WordPress requires an SQL like database. On RPI there is no MySQL database, but there is an equivalent fully compatible DB called MariaDB. After a fresh install there’s no password set up initially for the user root, so is very important to fix that. You should use the secure installation script that come along.
However, I wanted to fix that manually, so i typed:
DROP USER 'root'@'localhost'; CREATE USER 'root'@'localhost' IDENTIFIED BY 'password'; GRANT ALL PRIVILEGES ON *.* TO 'root'@'localhost';
Where basically I dropped the local user “root”, and created a new user root with a password. I also made sure that i granted all the privilege to it. You can Even add a “flush privilege” as ending command.
So after securing the root password in the DB, is a good practice to create a new user for each of your WordPress installation (Especially if you are hosting multiple site). The reason is easy. If one of the website gets compromised and you use the same db account for all the websites, then the attacked also compromised all the other Databases!
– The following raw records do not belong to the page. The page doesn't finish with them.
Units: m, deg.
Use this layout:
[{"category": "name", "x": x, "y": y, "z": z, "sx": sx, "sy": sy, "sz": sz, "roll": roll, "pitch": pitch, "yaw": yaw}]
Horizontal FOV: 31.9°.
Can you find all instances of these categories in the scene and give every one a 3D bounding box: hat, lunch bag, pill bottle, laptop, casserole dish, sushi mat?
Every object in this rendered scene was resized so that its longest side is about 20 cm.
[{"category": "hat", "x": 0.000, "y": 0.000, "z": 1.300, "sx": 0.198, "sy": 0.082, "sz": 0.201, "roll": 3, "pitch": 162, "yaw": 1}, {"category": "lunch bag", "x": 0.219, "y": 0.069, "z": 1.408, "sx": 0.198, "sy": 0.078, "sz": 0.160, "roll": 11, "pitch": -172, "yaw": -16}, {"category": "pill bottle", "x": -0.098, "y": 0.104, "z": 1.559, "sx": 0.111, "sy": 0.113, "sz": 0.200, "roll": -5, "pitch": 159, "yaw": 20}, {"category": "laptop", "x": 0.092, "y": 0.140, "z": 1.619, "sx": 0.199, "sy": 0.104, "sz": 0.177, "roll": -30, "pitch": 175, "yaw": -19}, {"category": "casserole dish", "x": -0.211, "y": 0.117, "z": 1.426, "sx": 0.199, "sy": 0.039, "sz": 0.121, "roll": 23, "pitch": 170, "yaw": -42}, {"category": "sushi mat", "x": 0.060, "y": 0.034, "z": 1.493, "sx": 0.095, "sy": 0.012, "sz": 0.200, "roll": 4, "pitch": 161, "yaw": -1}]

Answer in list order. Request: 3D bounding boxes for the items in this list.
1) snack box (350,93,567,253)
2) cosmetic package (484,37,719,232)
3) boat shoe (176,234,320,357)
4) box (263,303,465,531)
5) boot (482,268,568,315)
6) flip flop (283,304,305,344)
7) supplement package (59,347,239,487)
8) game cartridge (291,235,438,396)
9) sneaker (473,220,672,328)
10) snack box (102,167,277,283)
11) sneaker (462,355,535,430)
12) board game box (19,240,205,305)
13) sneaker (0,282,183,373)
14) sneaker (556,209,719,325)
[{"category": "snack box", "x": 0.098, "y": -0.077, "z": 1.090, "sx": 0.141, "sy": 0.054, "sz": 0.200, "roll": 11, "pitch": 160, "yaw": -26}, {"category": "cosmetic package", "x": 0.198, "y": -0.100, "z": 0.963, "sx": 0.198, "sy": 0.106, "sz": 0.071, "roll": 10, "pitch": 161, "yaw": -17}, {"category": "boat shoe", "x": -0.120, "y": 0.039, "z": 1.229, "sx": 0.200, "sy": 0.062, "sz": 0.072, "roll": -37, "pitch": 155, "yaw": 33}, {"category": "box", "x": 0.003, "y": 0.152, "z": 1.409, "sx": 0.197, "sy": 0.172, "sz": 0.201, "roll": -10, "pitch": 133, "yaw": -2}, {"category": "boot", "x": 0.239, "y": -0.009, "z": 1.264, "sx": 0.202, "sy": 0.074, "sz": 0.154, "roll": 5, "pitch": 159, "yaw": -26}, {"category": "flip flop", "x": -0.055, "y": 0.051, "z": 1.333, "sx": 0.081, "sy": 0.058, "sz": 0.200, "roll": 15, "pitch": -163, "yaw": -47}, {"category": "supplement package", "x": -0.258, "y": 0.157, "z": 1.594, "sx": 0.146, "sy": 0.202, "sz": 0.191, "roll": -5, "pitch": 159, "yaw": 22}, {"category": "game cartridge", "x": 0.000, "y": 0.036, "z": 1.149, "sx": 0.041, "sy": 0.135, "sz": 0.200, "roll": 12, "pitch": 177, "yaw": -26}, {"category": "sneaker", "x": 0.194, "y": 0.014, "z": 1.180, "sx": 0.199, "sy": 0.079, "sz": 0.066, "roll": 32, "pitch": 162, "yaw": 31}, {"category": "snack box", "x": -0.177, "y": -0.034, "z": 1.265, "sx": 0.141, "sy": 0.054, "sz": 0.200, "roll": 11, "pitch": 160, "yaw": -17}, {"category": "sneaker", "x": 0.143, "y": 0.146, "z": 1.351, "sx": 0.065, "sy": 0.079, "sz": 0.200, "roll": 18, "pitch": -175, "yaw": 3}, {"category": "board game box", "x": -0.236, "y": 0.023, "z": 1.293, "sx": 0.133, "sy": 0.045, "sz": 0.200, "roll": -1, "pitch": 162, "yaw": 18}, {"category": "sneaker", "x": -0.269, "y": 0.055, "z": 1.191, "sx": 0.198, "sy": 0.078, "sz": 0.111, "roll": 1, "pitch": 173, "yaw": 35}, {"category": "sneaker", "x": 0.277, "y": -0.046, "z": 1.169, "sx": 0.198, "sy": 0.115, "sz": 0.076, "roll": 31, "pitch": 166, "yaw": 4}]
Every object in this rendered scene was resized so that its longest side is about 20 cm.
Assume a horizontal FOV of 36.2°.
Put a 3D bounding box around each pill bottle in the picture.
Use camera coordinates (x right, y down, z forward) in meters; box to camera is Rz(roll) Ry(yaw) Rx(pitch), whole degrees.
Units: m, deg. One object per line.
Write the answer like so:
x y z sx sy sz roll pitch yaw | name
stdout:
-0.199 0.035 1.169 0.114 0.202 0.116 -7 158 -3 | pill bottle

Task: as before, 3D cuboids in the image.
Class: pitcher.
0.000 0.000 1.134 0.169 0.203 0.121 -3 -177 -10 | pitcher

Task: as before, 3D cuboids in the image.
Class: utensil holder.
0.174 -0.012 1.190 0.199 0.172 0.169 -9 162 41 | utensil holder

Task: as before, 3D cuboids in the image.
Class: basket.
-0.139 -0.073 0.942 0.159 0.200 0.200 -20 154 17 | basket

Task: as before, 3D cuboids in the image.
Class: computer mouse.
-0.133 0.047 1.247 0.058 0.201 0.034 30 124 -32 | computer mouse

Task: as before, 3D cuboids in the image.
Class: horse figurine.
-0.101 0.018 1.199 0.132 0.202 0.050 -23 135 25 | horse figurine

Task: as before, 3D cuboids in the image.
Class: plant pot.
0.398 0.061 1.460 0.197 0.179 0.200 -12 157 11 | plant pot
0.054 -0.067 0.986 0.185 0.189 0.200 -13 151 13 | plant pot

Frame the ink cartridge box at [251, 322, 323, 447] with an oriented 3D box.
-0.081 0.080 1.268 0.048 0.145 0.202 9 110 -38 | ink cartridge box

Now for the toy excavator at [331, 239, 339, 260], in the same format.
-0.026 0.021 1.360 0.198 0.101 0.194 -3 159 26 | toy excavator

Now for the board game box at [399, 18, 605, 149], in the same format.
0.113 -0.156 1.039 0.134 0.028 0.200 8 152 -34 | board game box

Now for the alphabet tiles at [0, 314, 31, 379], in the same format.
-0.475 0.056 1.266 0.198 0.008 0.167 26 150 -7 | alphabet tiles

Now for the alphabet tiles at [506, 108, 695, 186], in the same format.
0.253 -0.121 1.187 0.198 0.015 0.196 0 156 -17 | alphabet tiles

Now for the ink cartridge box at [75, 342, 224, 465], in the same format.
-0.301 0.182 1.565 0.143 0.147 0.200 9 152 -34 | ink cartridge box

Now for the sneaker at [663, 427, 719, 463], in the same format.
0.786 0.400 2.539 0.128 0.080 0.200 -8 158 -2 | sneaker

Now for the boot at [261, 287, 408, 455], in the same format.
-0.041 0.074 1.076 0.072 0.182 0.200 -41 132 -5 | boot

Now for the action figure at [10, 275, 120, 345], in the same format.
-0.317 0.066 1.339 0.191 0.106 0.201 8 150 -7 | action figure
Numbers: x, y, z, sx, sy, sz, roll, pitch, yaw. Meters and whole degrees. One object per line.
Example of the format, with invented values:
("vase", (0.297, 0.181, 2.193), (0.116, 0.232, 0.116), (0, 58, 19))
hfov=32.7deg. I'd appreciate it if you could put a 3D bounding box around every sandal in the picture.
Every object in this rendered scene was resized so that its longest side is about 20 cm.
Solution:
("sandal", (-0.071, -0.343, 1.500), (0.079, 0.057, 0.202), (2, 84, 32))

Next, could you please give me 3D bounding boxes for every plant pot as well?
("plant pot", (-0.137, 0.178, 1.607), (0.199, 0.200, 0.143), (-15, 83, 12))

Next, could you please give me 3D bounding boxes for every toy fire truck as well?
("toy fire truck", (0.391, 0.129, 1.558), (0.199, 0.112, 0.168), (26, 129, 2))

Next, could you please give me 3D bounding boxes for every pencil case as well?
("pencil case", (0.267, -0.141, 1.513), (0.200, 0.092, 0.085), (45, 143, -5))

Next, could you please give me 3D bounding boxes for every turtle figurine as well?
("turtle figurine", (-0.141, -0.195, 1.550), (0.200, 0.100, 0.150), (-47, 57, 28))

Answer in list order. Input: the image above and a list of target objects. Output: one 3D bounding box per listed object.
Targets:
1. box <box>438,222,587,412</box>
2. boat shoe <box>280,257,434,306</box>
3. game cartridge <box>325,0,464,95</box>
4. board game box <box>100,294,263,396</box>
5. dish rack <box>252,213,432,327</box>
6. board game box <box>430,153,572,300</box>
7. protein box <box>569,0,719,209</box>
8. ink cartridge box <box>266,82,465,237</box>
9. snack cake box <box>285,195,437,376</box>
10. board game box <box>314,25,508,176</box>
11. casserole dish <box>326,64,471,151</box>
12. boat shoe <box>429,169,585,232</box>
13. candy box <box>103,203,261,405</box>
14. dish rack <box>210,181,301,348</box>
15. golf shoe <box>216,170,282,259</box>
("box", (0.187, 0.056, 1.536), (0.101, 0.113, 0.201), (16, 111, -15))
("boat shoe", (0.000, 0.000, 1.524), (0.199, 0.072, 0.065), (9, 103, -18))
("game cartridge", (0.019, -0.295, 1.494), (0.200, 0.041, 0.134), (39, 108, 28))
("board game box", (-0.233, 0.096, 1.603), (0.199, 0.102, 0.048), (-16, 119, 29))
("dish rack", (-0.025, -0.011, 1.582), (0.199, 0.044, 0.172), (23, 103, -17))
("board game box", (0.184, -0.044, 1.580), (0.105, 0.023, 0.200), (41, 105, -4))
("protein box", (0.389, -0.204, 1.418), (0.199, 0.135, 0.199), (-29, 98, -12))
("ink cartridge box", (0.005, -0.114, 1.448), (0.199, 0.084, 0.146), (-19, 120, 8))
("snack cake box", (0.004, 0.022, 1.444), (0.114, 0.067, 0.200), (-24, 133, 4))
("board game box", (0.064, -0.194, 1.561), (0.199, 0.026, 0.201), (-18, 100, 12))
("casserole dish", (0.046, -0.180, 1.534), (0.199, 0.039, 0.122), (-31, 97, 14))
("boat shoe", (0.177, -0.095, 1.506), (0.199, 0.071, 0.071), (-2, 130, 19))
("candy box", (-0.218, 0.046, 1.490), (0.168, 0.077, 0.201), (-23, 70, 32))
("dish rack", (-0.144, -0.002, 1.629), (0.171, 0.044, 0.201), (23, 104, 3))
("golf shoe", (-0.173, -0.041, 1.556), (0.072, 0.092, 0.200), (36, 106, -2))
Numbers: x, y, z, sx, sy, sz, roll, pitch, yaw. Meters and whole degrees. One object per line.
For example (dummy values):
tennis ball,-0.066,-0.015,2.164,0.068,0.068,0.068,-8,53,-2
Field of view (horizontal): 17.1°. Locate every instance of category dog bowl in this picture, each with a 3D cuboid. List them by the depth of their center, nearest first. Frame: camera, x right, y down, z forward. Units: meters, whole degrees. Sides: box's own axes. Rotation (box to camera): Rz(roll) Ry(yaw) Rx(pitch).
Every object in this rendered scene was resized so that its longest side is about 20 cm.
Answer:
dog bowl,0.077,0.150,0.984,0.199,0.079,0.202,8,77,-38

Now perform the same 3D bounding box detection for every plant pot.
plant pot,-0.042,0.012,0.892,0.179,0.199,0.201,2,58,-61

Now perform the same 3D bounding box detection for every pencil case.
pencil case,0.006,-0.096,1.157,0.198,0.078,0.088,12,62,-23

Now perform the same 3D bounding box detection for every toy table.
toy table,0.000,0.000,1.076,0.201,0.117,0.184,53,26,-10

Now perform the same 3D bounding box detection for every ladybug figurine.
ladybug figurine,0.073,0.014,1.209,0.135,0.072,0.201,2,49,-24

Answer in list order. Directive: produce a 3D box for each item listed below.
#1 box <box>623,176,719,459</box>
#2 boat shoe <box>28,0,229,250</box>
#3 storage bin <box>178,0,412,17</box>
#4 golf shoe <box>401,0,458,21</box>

However if each website has its own associated user with permission only on the specific database, then an attacker controlling that user cannot “see” or modify other tables in other databases.
Anyway, after login with the new root account, I created a new user and then a new table for the website and then I tried to give privilege on the new DB to the new account!:
CREATE USER 'wordpress'@'localhost' IDENTIFIED BY 'password'; CREATE DATABASE wordpress; GRANT ALL ON wordpress.* TO 'wordpress'@'localhost';
Anyway the last command was failing saying that i did not had permission to WordPress database! This was very strange because I had just created it and i could list table create new entries in it and so on.. So after some investigation i found out that the problem was that when i granted *.* privileges to user root, the “GRANT OPTION” was not set. This was a problem because I had already dropped the other user “root”. So in order to fix that I need to manually edit the mysql.user table in the DB. My user could not issue grants, but it still had full power on all the Databases. So firstly i made sure that the grant privilege flag was not set with:
SELECT host,user,password,Grant_priv,Super_priv FROM mysql.user;
and indeed was showing “N” to the grant_priv column. That had to be changed to “Y”.. for doing that i just typed:
UPDATE mysql.user SET Grant_priv='Y', Super_priv='Y' WHERE User='root'; FLUSH PRIVILEGES;
With after fixing that and logging off and on again, i was finally able to grant all the permission to the new created user for the WordPress database!
GRANT ALL ON wordpress.* TO 'wordpress'@'localhost';
I hope that this small guide will help you to fix this annoying issue. Also I hope makes you understand why using the user root for your WordPress installation is a really bad idea. They can access MySQL.user table and basically control all the users privileges, passwords etc. They can create new root users, revoke permission, granting them-self more permissions and so on.. So just create a new user for each installation and give permission just to the specific DB.